-------- Records for the exercise --------

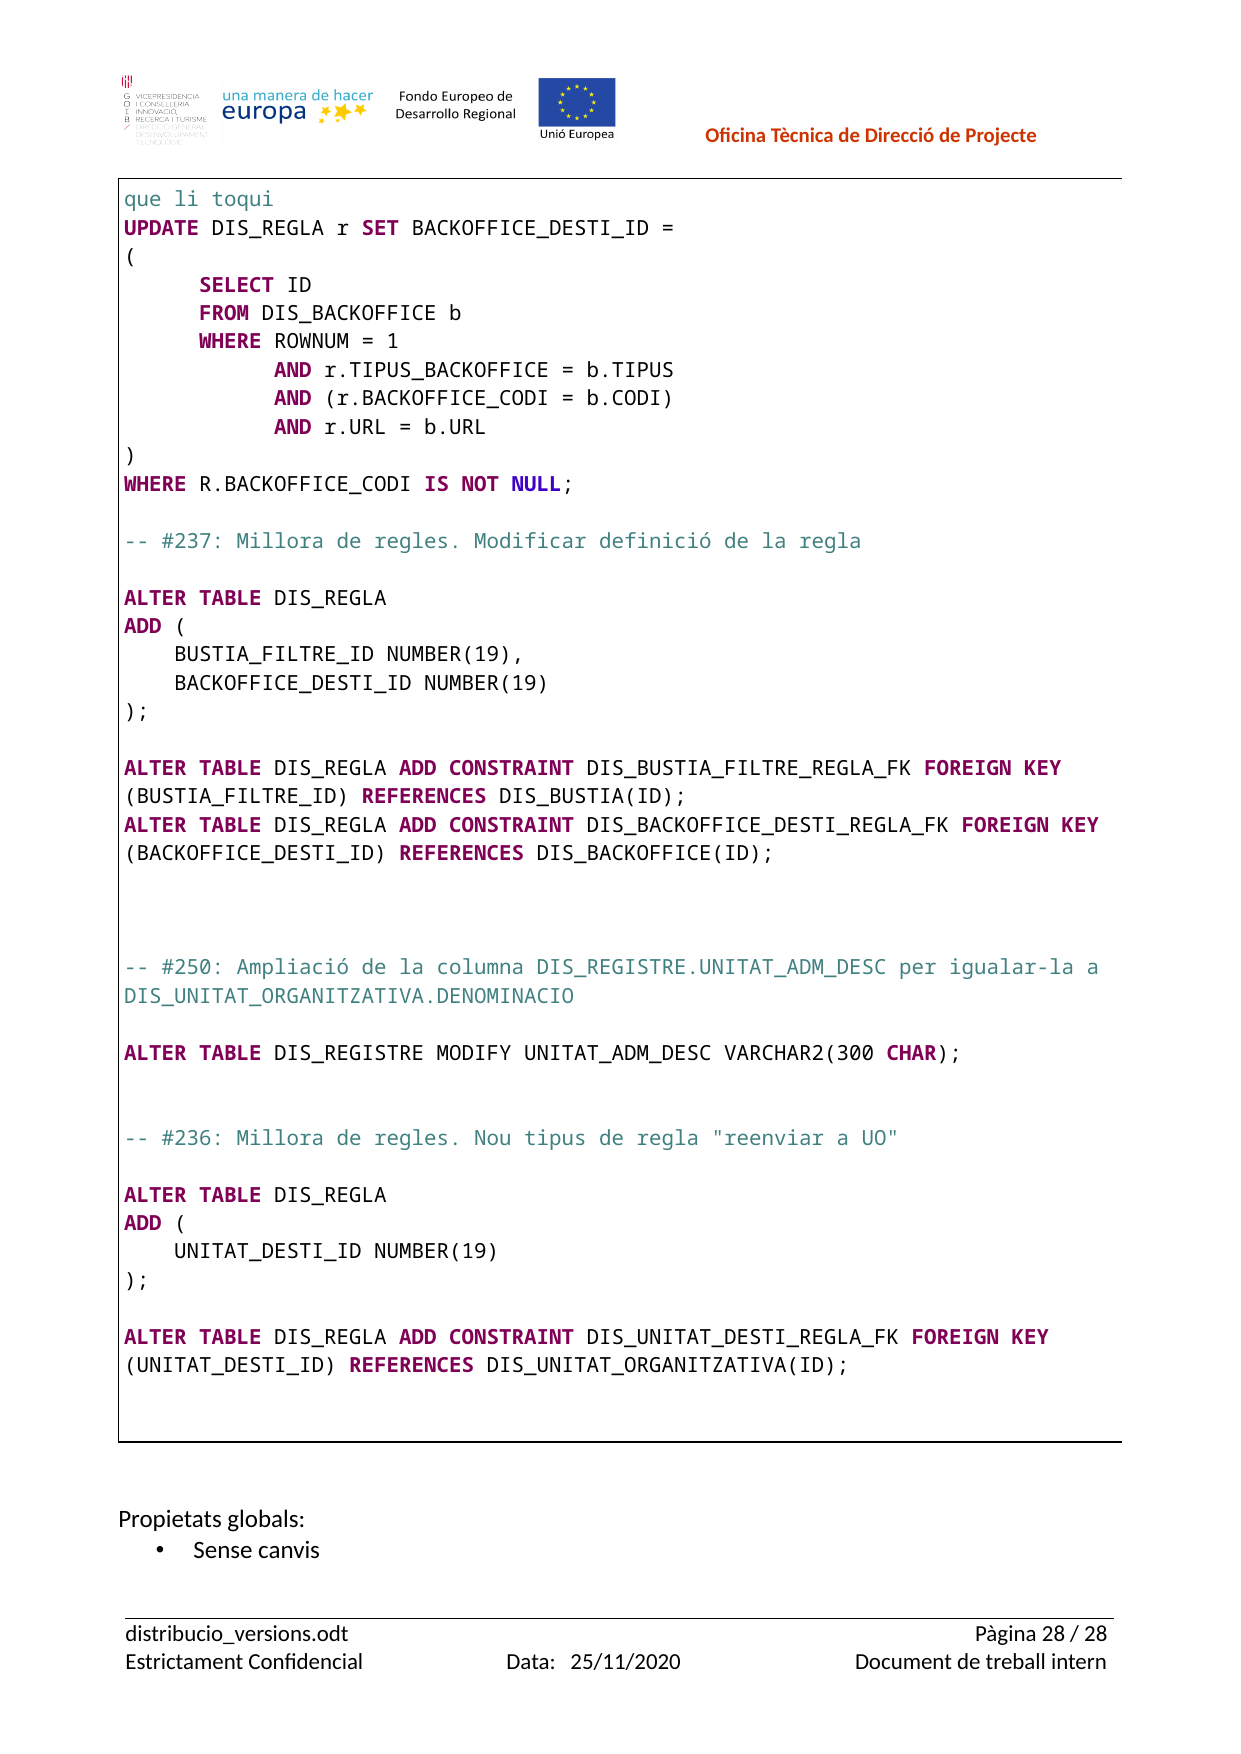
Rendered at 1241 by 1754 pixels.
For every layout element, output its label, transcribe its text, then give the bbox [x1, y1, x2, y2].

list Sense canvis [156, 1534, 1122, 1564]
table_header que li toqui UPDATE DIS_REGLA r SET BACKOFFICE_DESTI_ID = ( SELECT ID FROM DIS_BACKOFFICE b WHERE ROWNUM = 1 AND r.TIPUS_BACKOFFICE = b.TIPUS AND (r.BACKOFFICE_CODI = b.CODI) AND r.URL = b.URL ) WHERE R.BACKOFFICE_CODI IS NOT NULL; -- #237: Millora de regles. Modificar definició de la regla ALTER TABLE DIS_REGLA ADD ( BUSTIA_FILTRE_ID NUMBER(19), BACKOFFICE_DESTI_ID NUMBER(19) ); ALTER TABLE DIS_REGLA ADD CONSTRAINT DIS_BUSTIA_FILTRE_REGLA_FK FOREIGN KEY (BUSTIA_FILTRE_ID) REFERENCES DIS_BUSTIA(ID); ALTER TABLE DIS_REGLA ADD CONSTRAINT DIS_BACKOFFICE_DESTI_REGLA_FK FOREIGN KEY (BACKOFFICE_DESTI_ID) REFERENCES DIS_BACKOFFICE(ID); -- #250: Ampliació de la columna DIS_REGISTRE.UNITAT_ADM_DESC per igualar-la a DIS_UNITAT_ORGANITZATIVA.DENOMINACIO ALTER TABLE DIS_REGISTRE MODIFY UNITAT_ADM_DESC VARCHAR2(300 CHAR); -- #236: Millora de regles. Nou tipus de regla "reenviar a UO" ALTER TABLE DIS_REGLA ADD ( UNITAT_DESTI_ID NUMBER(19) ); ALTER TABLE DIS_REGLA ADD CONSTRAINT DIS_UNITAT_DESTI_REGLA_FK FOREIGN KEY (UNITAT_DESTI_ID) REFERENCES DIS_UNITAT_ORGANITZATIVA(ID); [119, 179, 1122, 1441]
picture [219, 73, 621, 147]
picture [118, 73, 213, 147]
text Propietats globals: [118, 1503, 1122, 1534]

--------
-------- Records for the exercise --------

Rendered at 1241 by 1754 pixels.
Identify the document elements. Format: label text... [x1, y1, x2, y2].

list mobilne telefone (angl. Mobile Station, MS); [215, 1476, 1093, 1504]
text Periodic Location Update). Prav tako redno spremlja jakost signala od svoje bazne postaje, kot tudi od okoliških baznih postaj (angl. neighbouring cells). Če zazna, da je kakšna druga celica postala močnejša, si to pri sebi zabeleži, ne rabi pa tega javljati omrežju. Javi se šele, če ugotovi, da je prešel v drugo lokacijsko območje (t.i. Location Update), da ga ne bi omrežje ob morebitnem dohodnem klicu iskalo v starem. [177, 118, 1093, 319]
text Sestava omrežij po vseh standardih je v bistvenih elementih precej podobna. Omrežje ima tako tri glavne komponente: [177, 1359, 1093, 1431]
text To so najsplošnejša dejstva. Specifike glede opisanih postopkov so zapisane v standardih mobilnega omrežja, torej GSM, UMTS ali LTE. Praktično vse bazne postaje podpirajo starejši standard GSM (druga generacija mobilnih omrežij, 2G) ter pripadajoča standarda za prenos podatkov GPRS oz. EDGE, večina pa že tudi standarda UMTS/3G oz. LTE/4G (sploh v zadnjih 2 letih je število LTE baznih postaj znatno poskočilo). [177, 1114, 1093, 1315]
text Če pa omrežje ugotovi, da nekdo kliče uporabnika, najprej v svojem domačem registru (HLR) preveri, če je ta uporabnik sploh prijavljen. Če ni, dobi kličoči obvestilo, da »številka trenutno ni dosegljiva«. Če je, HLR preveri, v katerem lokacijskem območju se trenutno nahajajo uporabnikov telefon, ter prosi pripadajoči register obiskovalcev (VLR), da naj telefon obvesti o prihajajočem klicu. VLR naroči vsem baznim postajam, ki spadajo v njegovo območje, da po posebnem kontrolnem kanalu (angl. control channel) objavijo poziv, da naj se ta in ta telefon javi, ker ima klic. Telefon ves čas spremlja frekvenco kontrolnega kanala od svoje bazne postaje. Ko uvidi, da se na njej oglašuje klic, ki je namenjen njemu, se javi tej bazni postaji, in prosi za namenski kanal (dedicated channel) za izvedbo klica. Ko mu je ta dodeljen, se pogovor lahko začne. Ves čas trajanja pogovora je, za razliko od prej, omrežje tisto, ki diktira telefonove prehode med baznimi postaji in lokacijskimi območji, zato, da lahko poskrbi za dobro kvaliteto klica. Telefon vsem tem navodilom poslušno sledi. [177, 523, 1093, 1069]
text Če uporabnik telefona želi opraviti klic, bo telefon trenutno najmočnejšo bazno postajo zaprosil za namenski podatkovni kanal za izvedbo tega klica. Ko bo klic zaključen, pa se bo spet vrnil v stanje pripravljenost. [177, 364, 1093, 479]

--------
-------- Records for the exercise --------

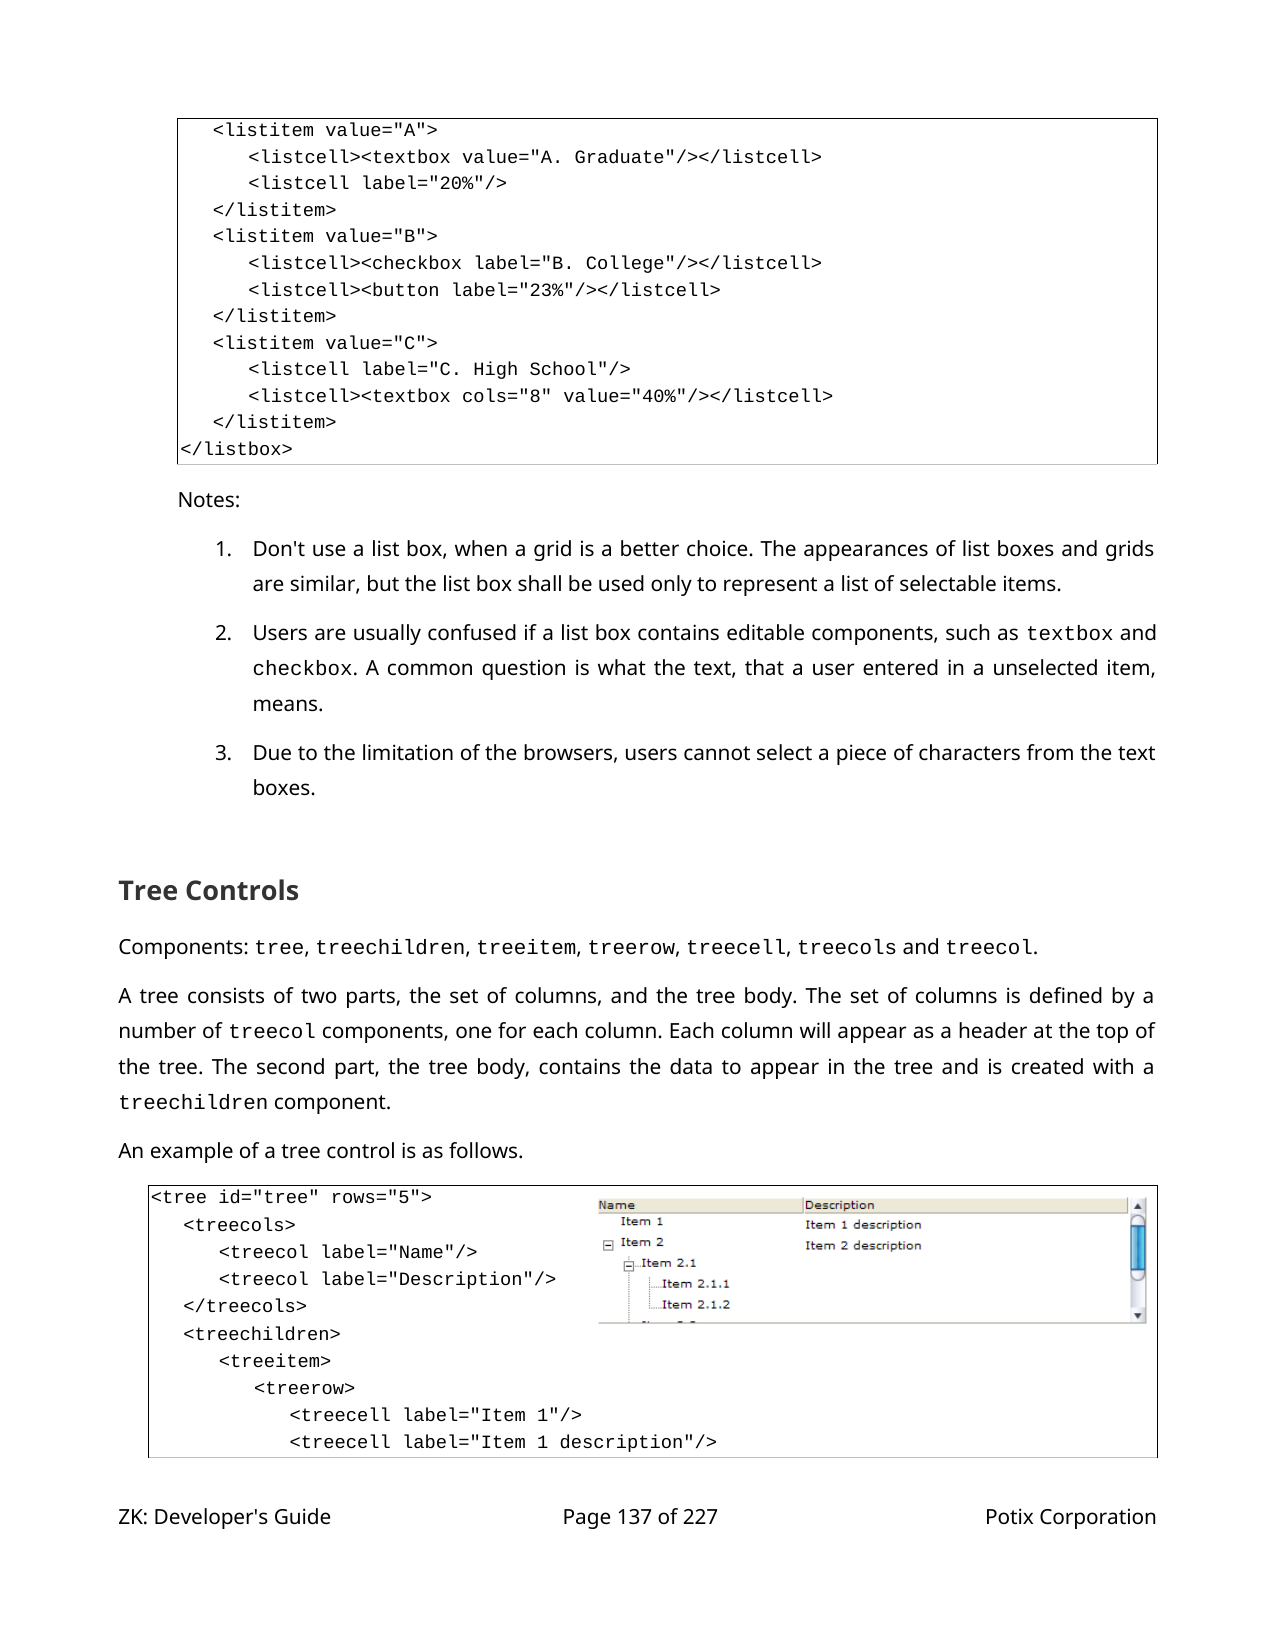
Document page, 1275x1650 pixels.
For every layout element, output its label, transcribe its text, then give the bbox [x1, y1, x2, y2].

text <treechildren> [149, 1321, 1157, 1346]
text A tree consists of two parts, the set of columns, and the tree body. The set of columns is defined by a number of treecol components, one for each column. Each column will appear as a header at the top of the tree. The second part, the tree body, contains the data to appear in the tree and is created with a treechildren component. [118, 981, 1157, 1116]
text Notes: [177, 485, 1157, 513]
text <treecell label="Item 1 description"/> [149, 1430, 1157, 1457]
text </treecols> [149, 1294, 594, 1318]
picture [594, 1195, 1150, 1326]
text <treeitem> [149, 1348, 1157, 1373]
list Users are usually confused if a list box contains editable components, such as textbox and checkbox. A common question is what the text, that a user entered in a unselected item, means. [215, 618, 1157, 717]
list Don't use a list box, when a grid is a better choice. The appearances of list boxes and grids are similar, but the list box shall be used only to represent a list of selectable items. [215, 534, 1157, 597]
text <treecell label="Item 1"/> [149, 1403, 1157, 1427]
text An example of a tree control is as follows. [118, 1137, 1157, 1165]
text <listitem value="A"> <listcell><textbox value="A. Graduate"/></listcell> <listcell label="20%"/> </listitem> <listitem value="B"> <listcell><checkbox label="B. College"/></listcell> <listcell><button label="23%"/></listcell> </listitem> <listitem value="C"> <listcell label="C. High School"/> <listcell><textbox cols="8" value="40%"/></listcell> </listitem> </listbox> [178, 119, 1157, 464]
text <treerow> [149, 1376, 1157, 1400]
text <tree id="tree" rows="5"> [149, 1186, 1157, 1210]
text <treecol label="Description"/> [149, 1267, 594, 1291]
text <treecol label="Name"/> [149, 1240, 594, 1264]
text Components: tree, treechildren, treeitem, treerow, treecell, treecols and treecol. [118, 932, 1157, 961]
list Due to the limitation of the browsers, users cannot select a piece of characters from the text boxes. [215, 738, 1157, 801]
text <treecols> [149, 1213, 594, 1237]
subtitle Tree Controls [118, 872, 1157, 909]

--------

> **Task brief**: Word for word, restate the lines of the listing above starting at the line with "text <treechildren> [149, 1321, 1157, 1346]" and ending at the line with "1240, 594, 1264]", and nothing outside them.

> **Output below**:
text <treechildren> [149, 1321, 1157, 1346]
text A tree consists of two parts, the set of columns, and the tree body. The set of columns is defined by a number of treecol components, one for each column. Each column will appear as a header at the top of the tree. The second part, the tree body, contains the data to appear in the tree and is created with a treechildren component. [118, 981, 1157, 1116]
text Notes: [177, 485, 1157, 513]
text <treecell label="Item 1 description"/> [149, 1430, 1157, 1457]
text </treecols> [149, 1294, 594, 1318]
picture [594, 1195, 1150, 1326]
text <treeitem> [149, 1348, 1157, 1373]
list Users are usually confused if a list box contains editable components, such as textbox and checkbox. A common question is what the text, that a user entered in a unselected item, means. [215, 618, 1157, 717]
list Don't use a list box, when a grid is a better choice. The appearances of list boxes and grids are similar, but the list box shall be used only to represent a list of selectable items. [215, 534, 1157, 597]
text <treecell label="Item 1"/> [149, 1403, 1157, 1427]
text An example of a tree control is as follows. [118, 1137, 1157, 1165]
text <listitem value="A"> <listcell><textbox value="A. Graduate"/></listcell> <listcell label="20%"/> </listitem> <listitem value="B"> <listcell><checkbox label="B. College"/></listcell> <listcell><button label="23%"/></listcell> </listitem> <listitem value="C"> <listcell label="C. High School"/> <listcell><textbox cols="8" value="40%"/></listcell> </listitem> </listbox> [178, 119, 1157, 464]
text <treerow> [149, 1376, 1157, 1400]
text <tree id="tree" rows="5"> [149, 1186, 1157, 1210]
text <treecol label="Description"/> [149, 1267, 594, 1291]
text <treecol label="Name"/> [149, 1240, 594, 1264]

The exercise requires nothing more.